I guess if you’ve been mostly in the same place, your comfort foods change as you meet new people or try new dishes or revive old ones. You have the ones you grew up with, maybe mom’s mac and cheese with buttered crumbs (this one seems to loom large in many people’s gastronomic memories, though it’s not something I grew up with), or lasagne, or ridiculously-shaped semi-burned hamburgers with drippy melted cheese on a bun that falls apart (again, extrapolating, not much of a meat eater).

And if you move around, you might have different comfort foods that make you smile depending on where you’ve been. The first time I remember reinventing a comfort food was during the six months I spend in Central America in the early 90s. It seemed like every time I moved to a new place, illness would strike. It is worth noting that I do not have a stomach made of gossamer fabric and delicate lace, but the different fauna wreaked havoc with my digestive system on more than one occasion on that trip, and at least one time it was my fault for drinking an ancient, putrid, dusty can of diet pepsi on the Mexico-Guatemala border in a room at a brothel that the proprietors let me and my friend Debbie have, where the door went neither all the way to the ceiling nor all the way to the floor.

But I digress. On that trip, I developed a bit of a fear unpredictable tummy issues, and a tremendous love for oranges (which I had never eaten much of before) and sleeves of saltine crackers spread with refried beans. I think I ate this nutritious never-fail combination dozens of times, and never got sick.

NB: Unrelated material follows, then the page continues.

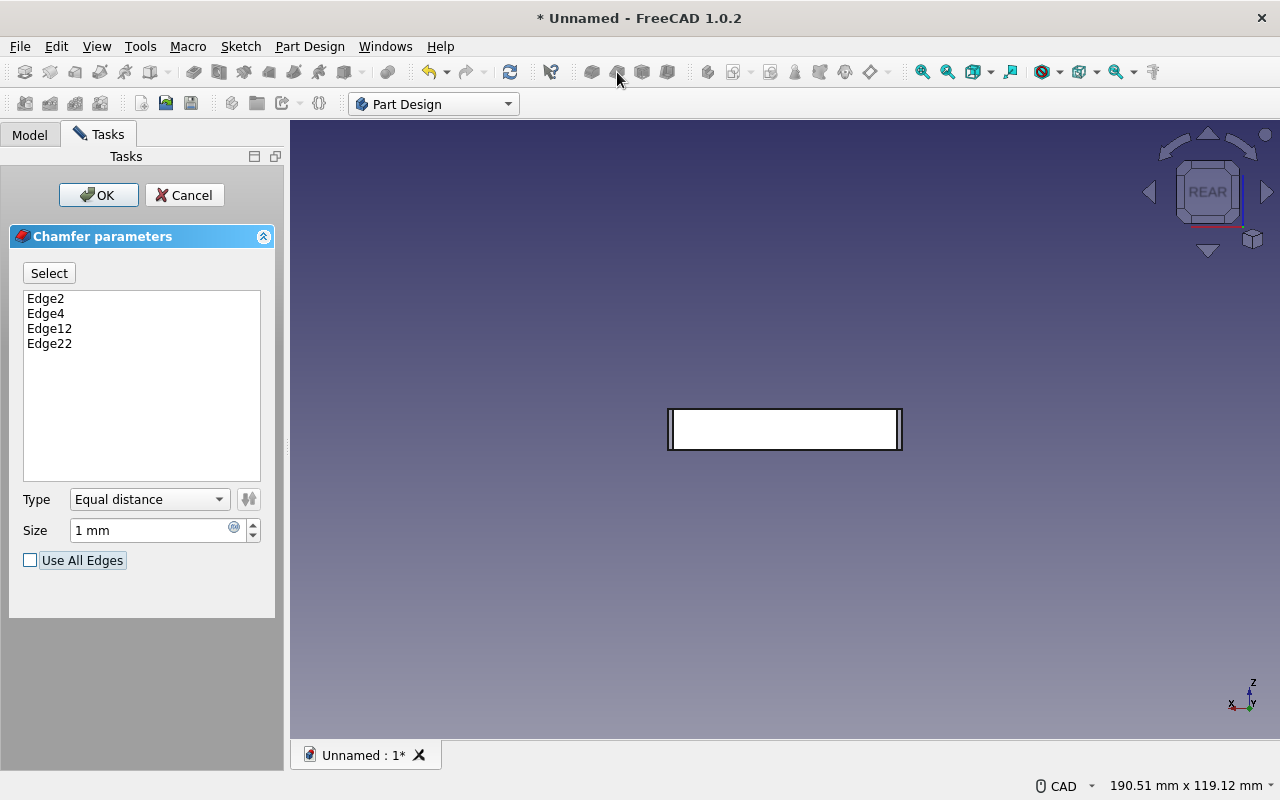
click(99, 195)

To this day, I can buy some saltines (called “american” crackers here) and whip up (or buy) some refried beans and call it a meal.

You would think that comfort foods would be set in stone from childhood, but from what I can see from putting myself under the microscope, that’s not necessarily the case. How about you? What’s a comfort food you’ve developed for yourself, or that’s come to you late in life, as a product of traveling or meeting new people or moving or marriage or whathaveyou?